Thanks for the info. I uploaded the sequence file once again and checked its properties using fsck. Following is the info I got.
FSCK started by sabanerjee (auth:SIMPLE) from /
127.0.0.1 for path /user/sabanerjee/perftest/input/part-00000 at Sun Mar 30 00:20:48 EDT 2014
.Status: HEALTHY
Total size: 8448509 B
Total dirs: 0
Total files: 1
Total symlinks: 0
Total blocks (validated): 5 (avg. block size 1689701 B)
Minimally replicated blocks: 5 (100.0 %)
Over-replicated blocks: 0 (0.0 %)
Under-replicated blocks: 0 (0.0 %)
Mis-replicated blocks: 0 (0.0 %)
Default replication factor: 1
Average block replication: 1.0
Corrupt blocks: 0
Missing replicas: 0 (0.0 %)
Number of data-nodes: 1
Number of racks: 1
FSCK ended at Sun Mar 30 00:20:48 EDT 2014 in 6 milliseconds
So looks like there are 5 blocks as expected. However, the number of parallel map tasks is still 2. I noticed however that the number of map tasks in total now was 6, though it is set to 5 in DkproHadoopDriver.

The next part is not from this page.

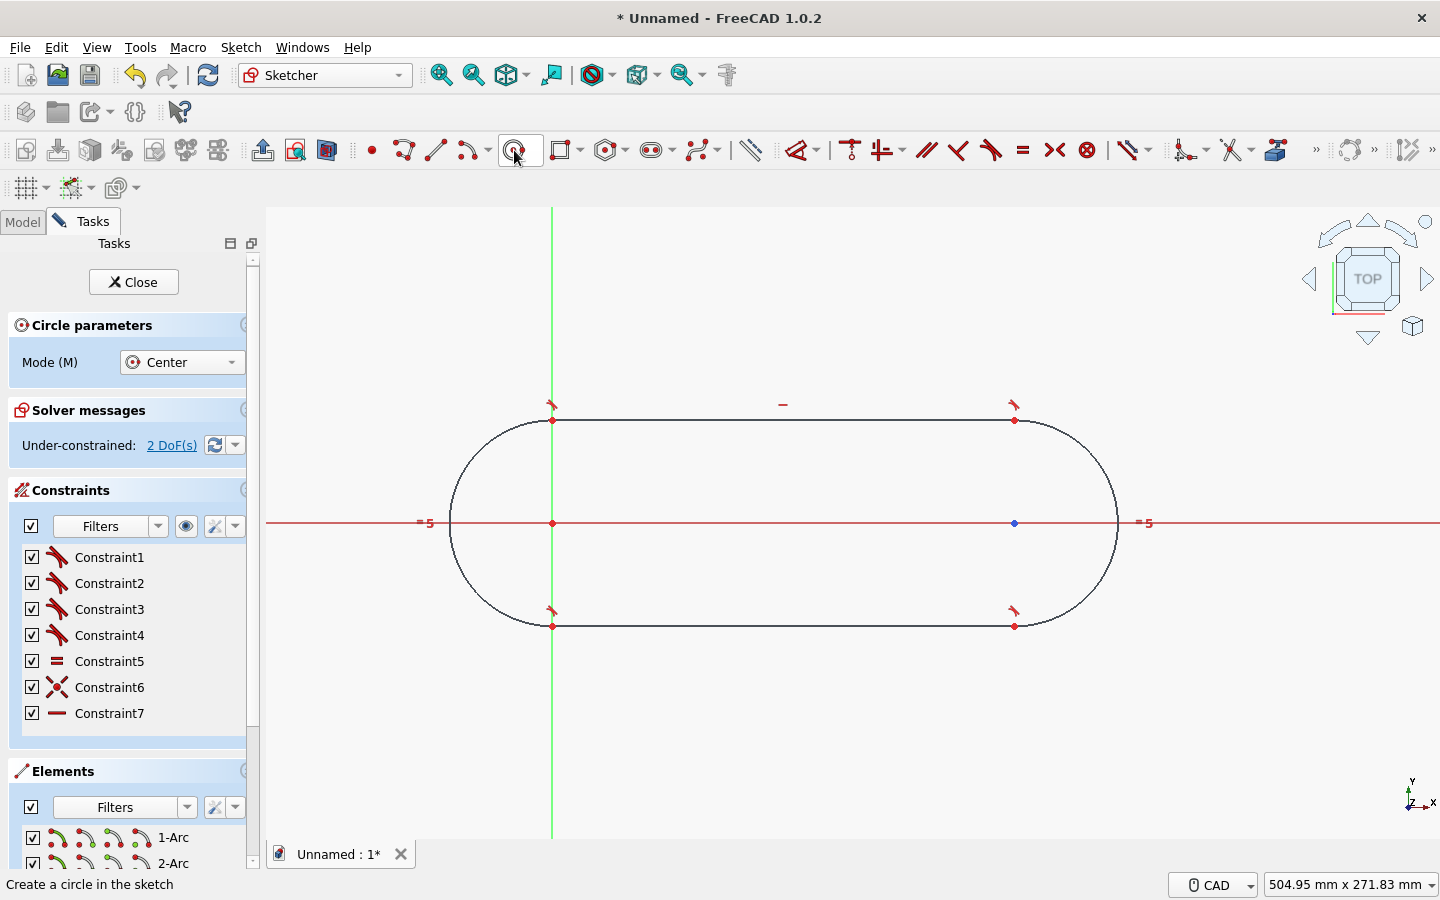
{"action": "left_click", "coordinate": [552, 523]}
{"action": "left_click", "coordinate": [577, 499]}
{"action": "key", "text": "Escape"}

I searched around a bit more and made the following config changes:
1. Set yarn.nodemanager.resource.cpu-vcores to 5 in yarn-config.xml
2. Removed the option mapreduce.map.memory.mb which was set to 3072. - Since yarn is allocated 6 GB in yarn-config, I thought maybe this limit is causing the number of mappers to be limited (My total memory is 8 GB)
My new configurations are at
Any other thoughts?
Regards,
Samudra